# Activity
The entries below are to be given back exactly, with images excluded.

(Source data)
┄┄┄┄┄┄

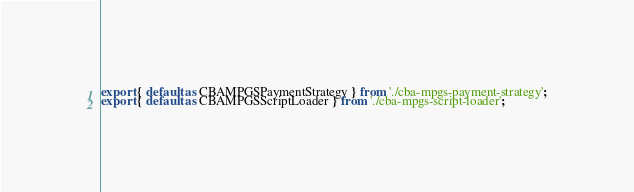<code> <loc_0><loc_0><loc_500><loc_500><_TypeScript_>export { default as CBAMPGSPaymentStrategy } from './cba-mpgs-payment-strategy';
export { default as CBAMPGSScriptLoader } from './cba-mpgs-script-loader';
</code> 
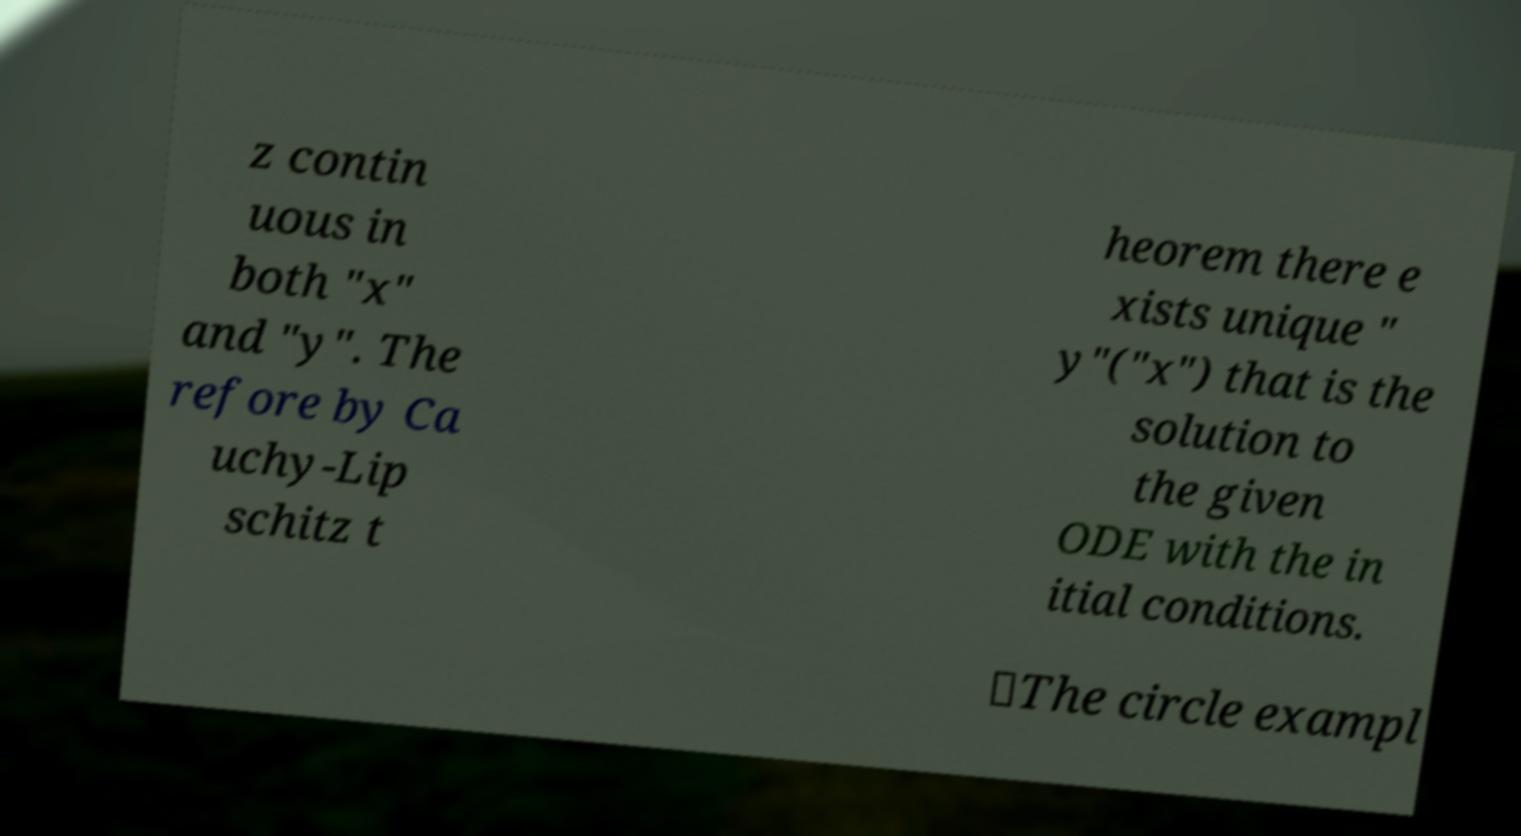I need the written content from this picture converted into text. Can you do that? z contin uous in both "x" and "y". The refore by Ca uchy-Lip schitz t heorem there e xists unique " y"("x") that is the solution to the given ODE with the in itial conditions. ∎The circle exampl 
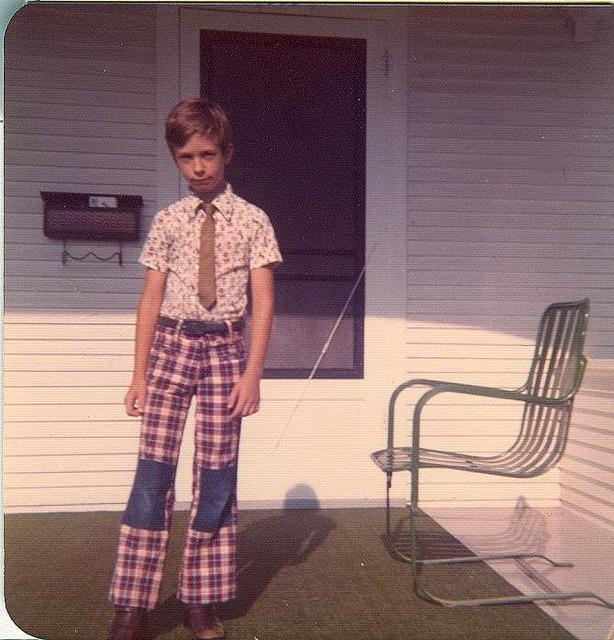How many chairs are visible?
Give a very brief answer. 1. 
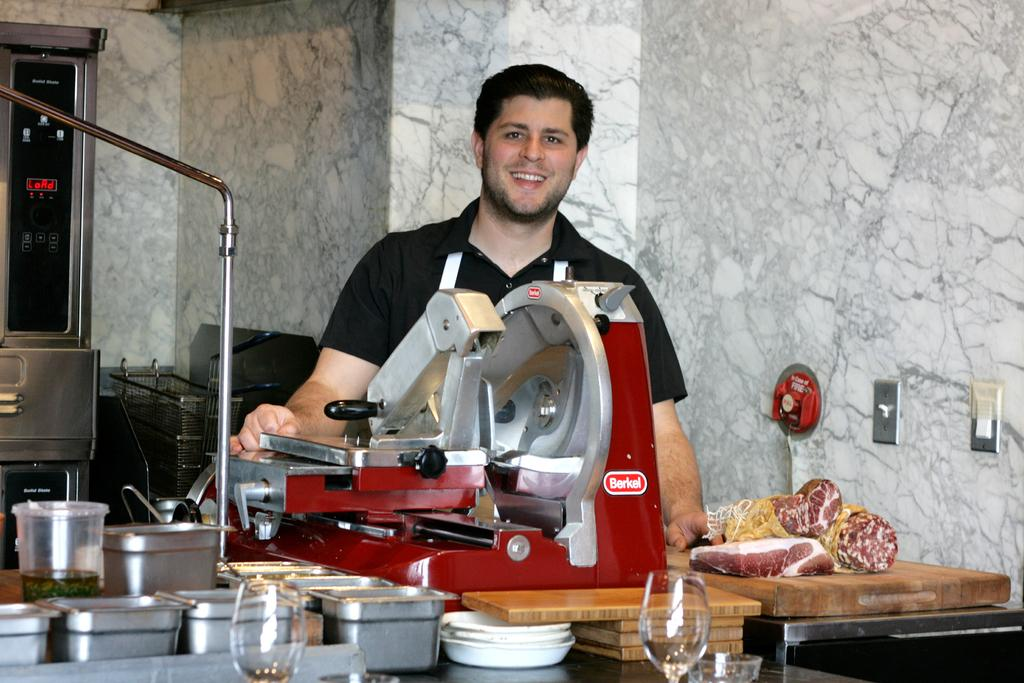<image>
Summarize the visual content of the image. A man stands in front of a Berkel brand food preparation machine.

┄┄┄┄┄┄

# Solved exercise
<code> <loc_0><loc_0><loc_500><loc_500><_TypeScript_>export { default as CBAMPGSPaymentStrategy } from './cba-mpgs-payment-strategy';
export { default as CBAMPGSScriptLoader } from './cba-mpgs-script-loader';
</code> 
I need the written content from this picture converted into text. Can you do that? z contin uous in both "x" and "y". The refore by Ca uchy-Lip schitz t heorem there e xists unique " y"("x") that is the solution to the given ODE with the in itial conditions. ∎The circle exampl 
How many chairs are visible?
Give a very brief answer. 1. 
<image>
Summarize the visual content of the image. A man stands in front of a Berkel brand food preparation machine.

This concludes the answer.